My favorite things to cook
Snacks, "comfort" foods, salads, chicken dishes, grilling pretty much anything!
My favorite family cooking traditions
Baking cookies together; cooking on the grill in the summer; "Junk Food Dinners" that usually consist of some homemade hot dip, homemade chicken fingers, pizza and mozzarella sticks.
My cooking triumphs
Pasta salad, my Alfredo sauce, Beer Cheese soup, French Onion soup, breakfast casserole, lots of different appetizers. After years of working at a deli that also served chicken wings and pizza, I can think of a 1000 different ways to make a sandwich or pizza!!
My cooking tragedies
Decorating things like cake and cookies...about the only cookie that came out even resembling anything were ghost and pumpkin ones at Halloween. We like baking together, but I leave the decorating to the kids!
Recipe Reviews 56 reviews
Ranch Oyster Crackers
Followed directions to a T, and baked at 280* for 10 minutes per someone's recommendation. Actually, I preheated oven, put the crackers in, then shut it off. They were gone by the next day!!

6 users found this review helpful
Reviewed On: Jun. 18, 2011
Bacon Ranch Pasta Salad
Excellent - even my kids loved it! I admit that I did use 1/2 cup mayo and 1/2 cup of sour cream, and I didn't have any tri-color rotini, so I just used regular. I also added more cheese.

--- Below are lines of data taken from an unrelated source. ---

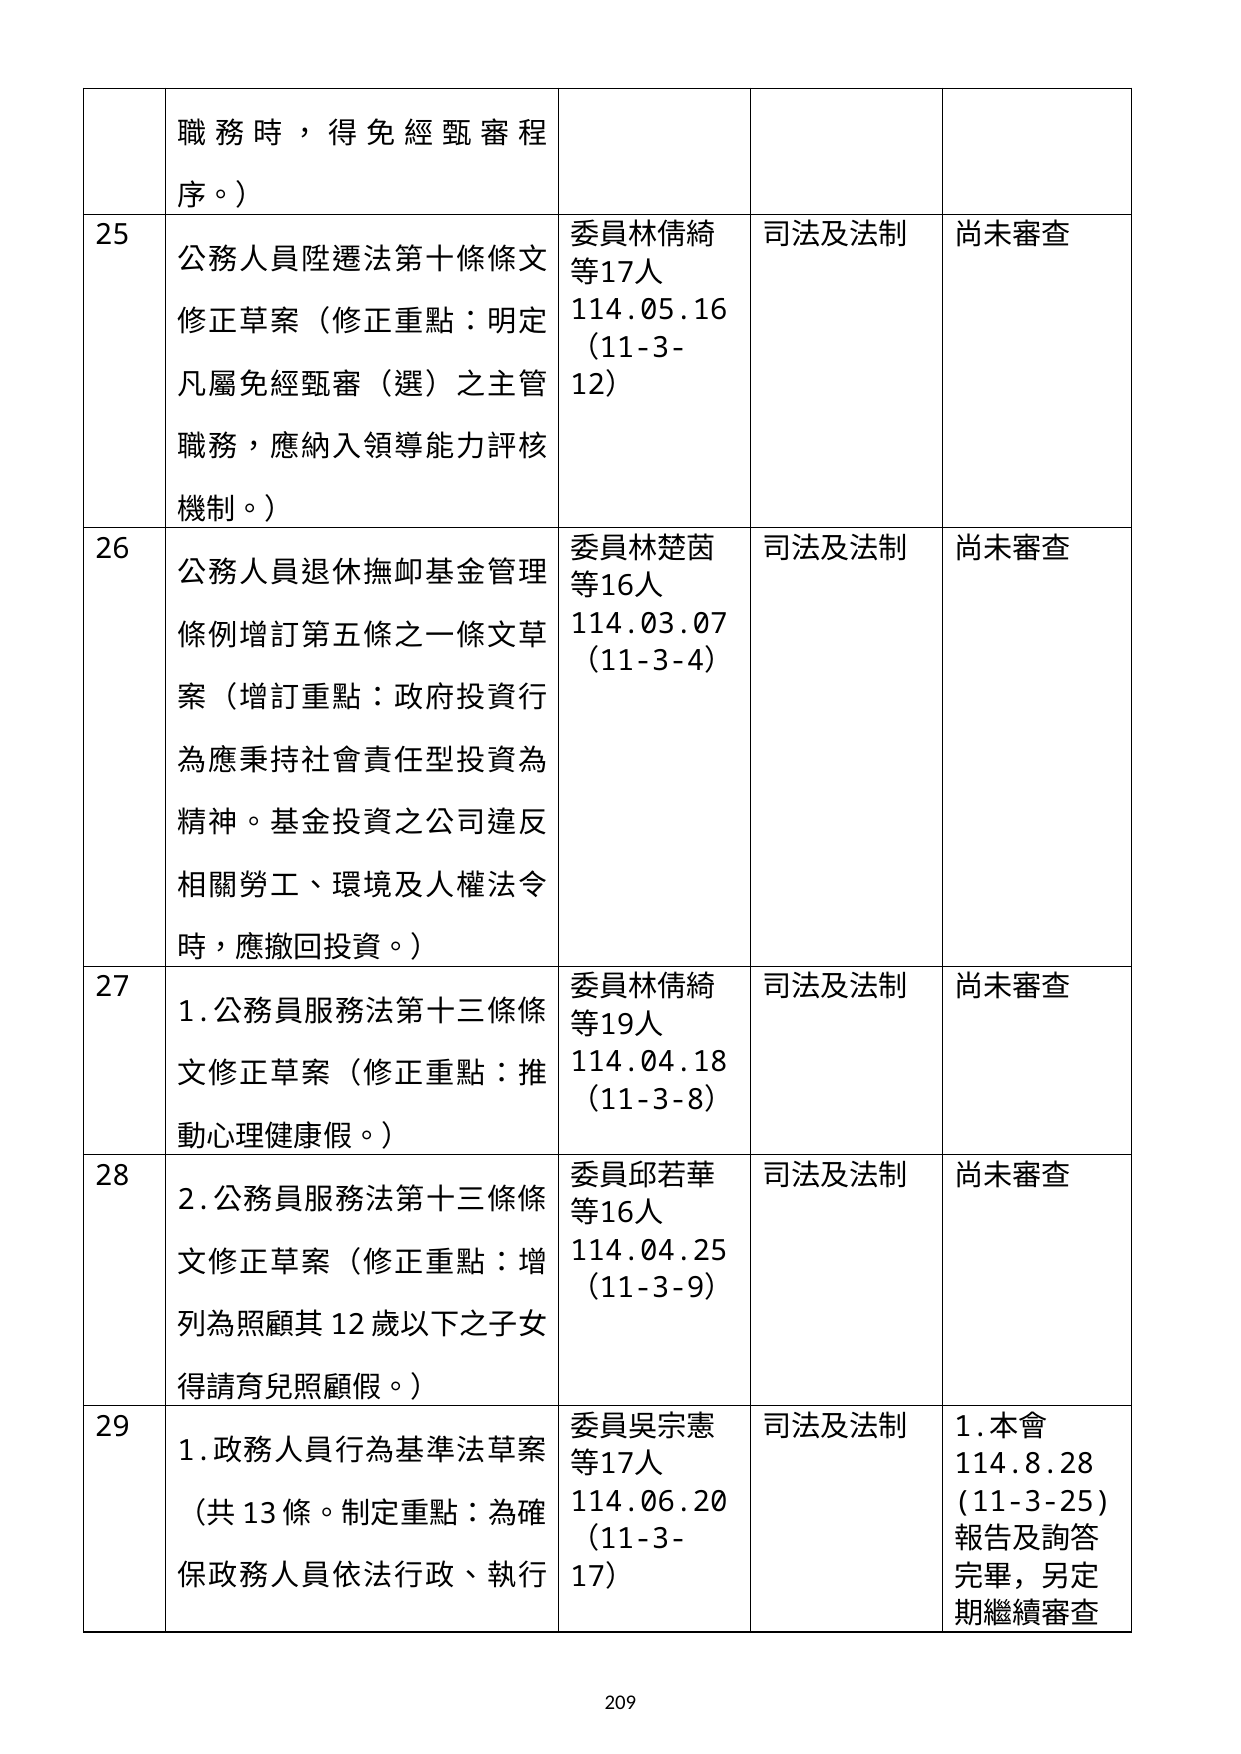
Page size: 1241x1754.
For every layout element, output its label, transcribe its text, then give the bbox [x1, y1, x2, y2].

table_cell [751, 89, 942, 214]
table_cell 29 [84, 1406, 165, 1631]
table_cell 1.本會 114.8.28 (11-3-25) 報告及詢答完畢，另定期繼續審查 [943, 1406, 1131, 1631]
table_cell 尚未審查 [943, 1155, 1131, 1405]
table_cell 委員林倩綺 等17人 114.05.16 （11-3-12） [559, 215, 750, 527]
table_cell 司法及法制 [751, 1155, 942, 1405]
table_cell 委員吳宗憲 等17人 114.06.20 （11-3-17） [559, 1406, 750, 1631]
table_cell 公務人員退休撫卹基金管理條例增訂第五條之一條文草案（增訂重點：政府投資行為應秉持社會責任型投資為精神。基金投資之公司違反相關勞工、環境及人權法令時，應撤回投資。） [166, 528, 558, 966]
table_cell 2.公務員服務法第十三條條文修正草案（修正重點：增列為照顧其12歲以下之子女得請育兒照顧假。） [166, 1155, 558, 1405]
table_cell 26 [84, 528, 165, 966]
table_cell 公務人員陞遷法第十條條文修正草案（修正重點：明定凡屬免經甄審（選）之主管職務，應納入領導能力評核機制。） [166, 215, 558, 527]
table_cell 司法及法制 [751, 215, 942, 527]
table_cell 委員林倩綺 等19人 114.04.18 （11-3-8） [559, 967, 750, 1154]
table_cell 委員邱若華 等16人 114.04.25 （11-3-9） [559, 1155, 750, 1405]
table_cell 司法及法制 [751, 1406, 942, 1631]
table_cell 28 [84, 1155, 165, 1405]
table_cell 27 [84, 967, 165, 1154]
table_cell 職務時，得免經甄審程序。） [166, 89, 558, 214]
table_cell 尚未審查 [943, 215, 1131, 527]
table_cell 司法及法制 [751, 528, 942, 966]
table_cell 尚未審查 [943, 967, 1131, 1154]
table_cell 尚未審查 [943, 528, 1131, 966]
table_cell 司法及法制 [751, 967, 942, 1154]
table_cell [943, 89, 1131, 214]
table_cell [559, 89, 750, 214]
table_cell 25 [84, 215, 165, 527]
table_cell 1.公務員服務法第十三條條文修正草案（修正重點：推動心理健康假。） [166, 967, 558, 1154]
table_cell 1.政務人員行為基準法草案（共13條。制定重點：為確保政務人員依法行政、執行 [166, 1406, 558, 1631]
table_cell 委員林楚茵 等16人 114.03.07 （11-3-4） [559, 528, 750, 966]
table_cell [84, 89, 165, 214]
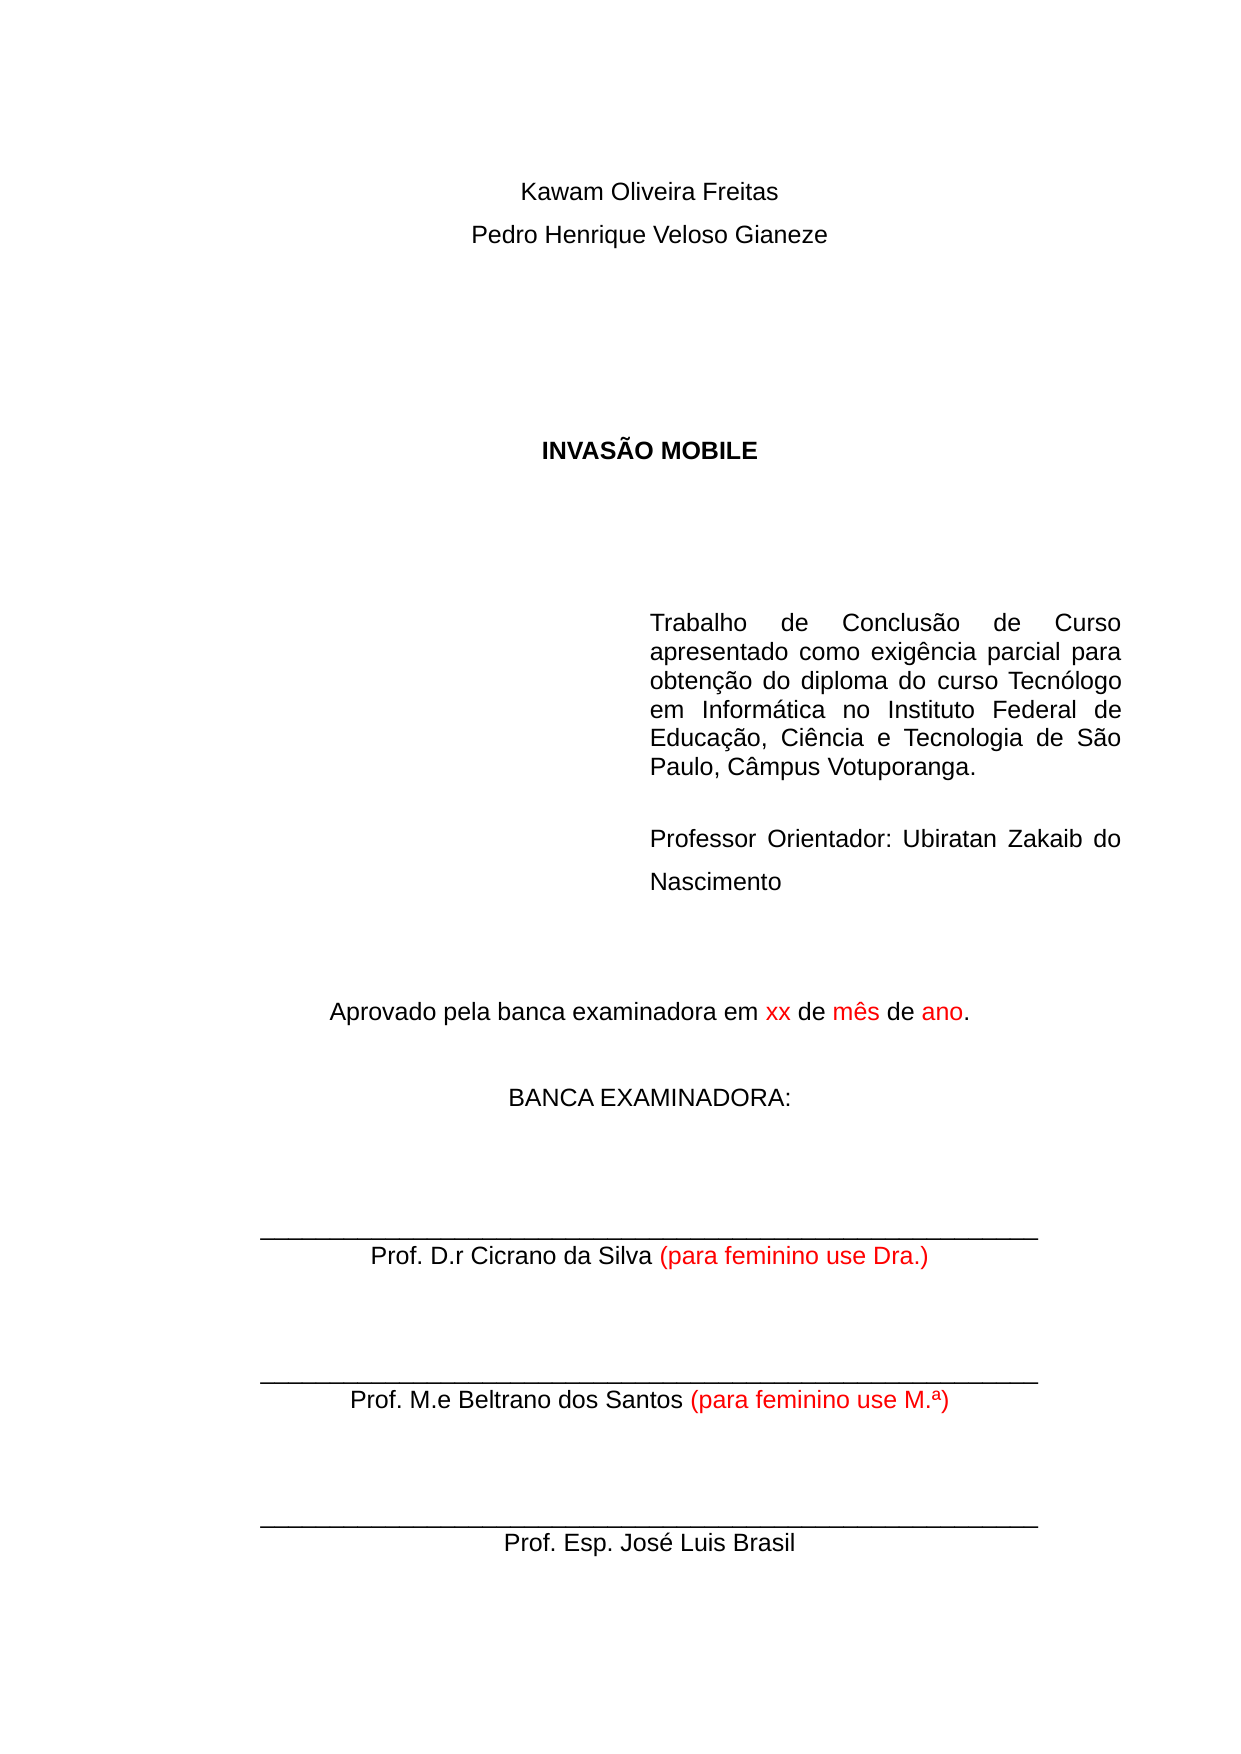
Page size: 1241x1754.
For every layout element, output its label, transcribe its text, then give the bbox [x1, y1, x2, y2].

text Pedro Henrique Veloso Gianeze [177, 220, 1122, 249]
text BANCA EXAMINADORA: [177, 1083, 1122, 1112]
text Kawam Oliveira Freitas [177, 177, 1122, 206]
text ________________________________________________________ [177, 1212, 1122, 1241]
text ________________________________________________________ [177, 1500, 1122, 1528]
text Prof. D.r Cicrano da Silva (para feminino use Dra.) [177, 1241, 1122, 1270]
text INVASÃO MOBILE [177, 436, 1122, 465]
text Prof. Esp. José Luis Brasil [177, 1528, 1122, 1557]
text Aprovado pela banca examinadora em xx de mês de ano. [177, 997, 1122, 1025]
text Professor Orientador: Ubiratan Zakaib do Nascimento [649, 824, 1122, 896]
text Trabalho de Conclusão de Curso apresentado como exigência parcial para obtenção do diploma do curso Tecnólogo em Informática no Instituto Federal de Educação, Ciência e Tecnologia de São Paulo, Câmpus Votuporanga. [649, 608, 1122, 781]
text ________________________________________________________ [177, 1356, 1122, 1385]
text Prof. M.e Beltrano dos Santos (para feminino use M.ª) [177, 1385, 1122, 1413]
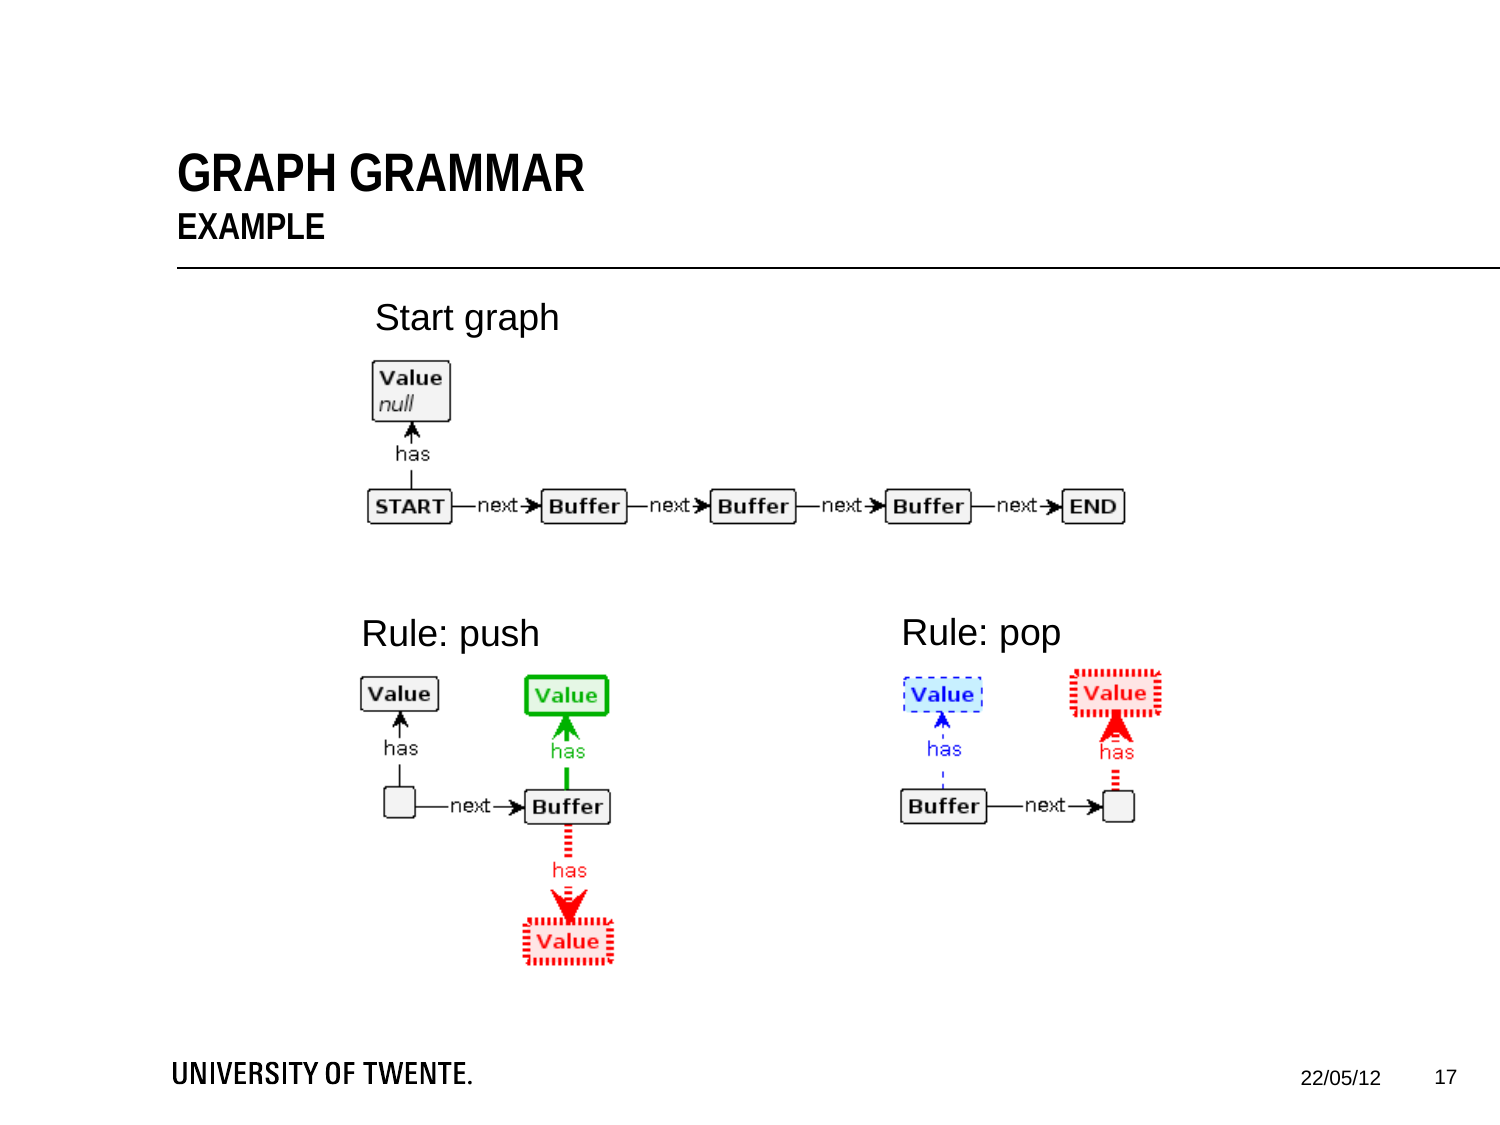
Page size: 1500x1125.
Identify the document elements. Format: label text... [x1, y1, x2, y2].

picture [885, 660, 1171, 841]
text_box Rule: pop [886, 600, 1077, 661]
text_box Rule: push [346, 601, 556, 662]
text_box 22/05/12 [1242, 1050, 1395, 1125]
text_box [1395, 1049, 1458, 1125]
text_box Start graph [360, 285, 575, 346]
title GRAPH GRAMMAR EXAMPLE [177, 59, 1458, 248]
picture [352, 345, 1141, 540]
picture [345, 661, 625, 976]
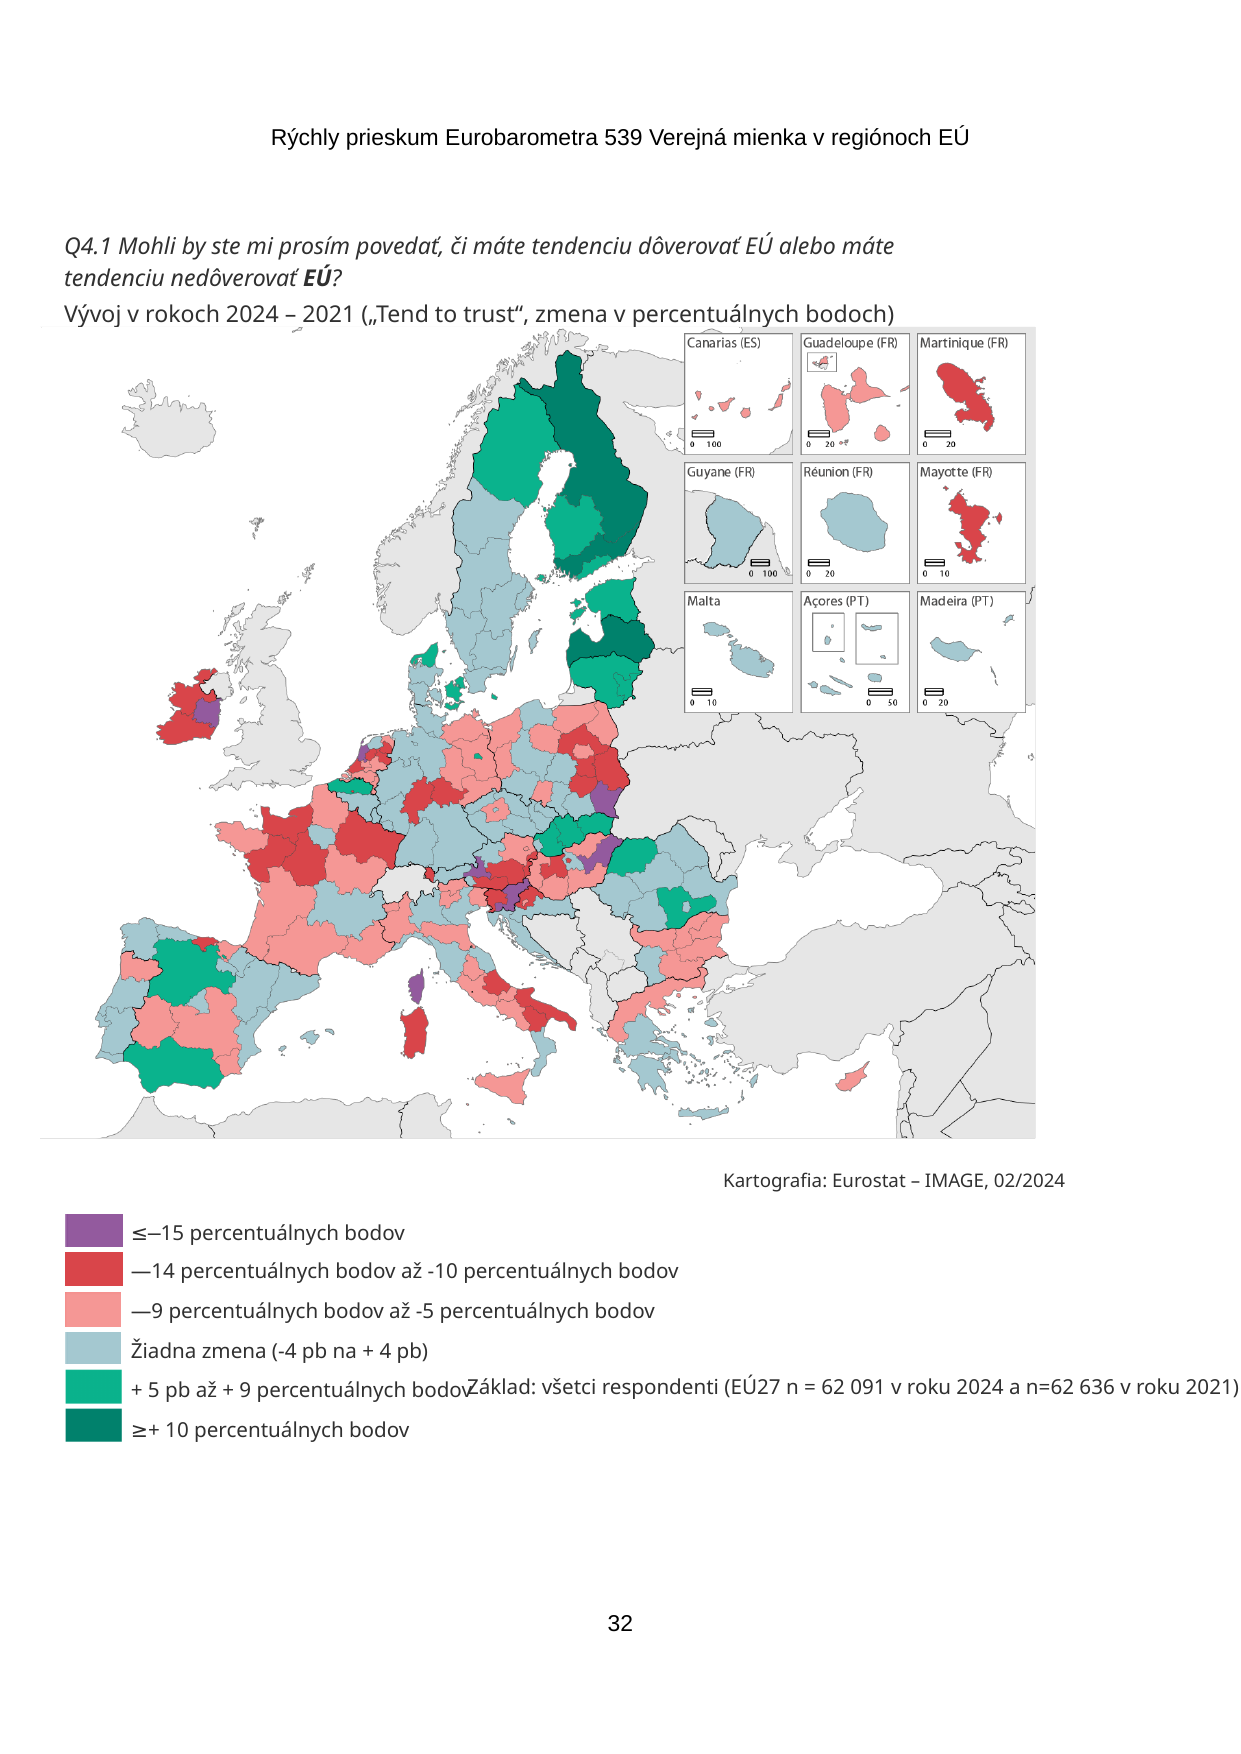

7 users found this review helpful
Reviewed On: Jun. 5, 2011
Super Easy and Spicy Fried Pickles
Excellent! After I patted the pickle slices dry, I put them in flour; then egg; and then the bread crumb mixture. I then put them on a parchment paper-lined pan and put them in the freezer for a couple hours. I think that really helped the breading to stay on. You may also omit the pepper(s) if you want it kid-friendly or you don't like spicy. Minus the peppers, it tasted just like those at the Quaker Steak and Lube restaurants! I found that the dill pickle slices work much better than spears.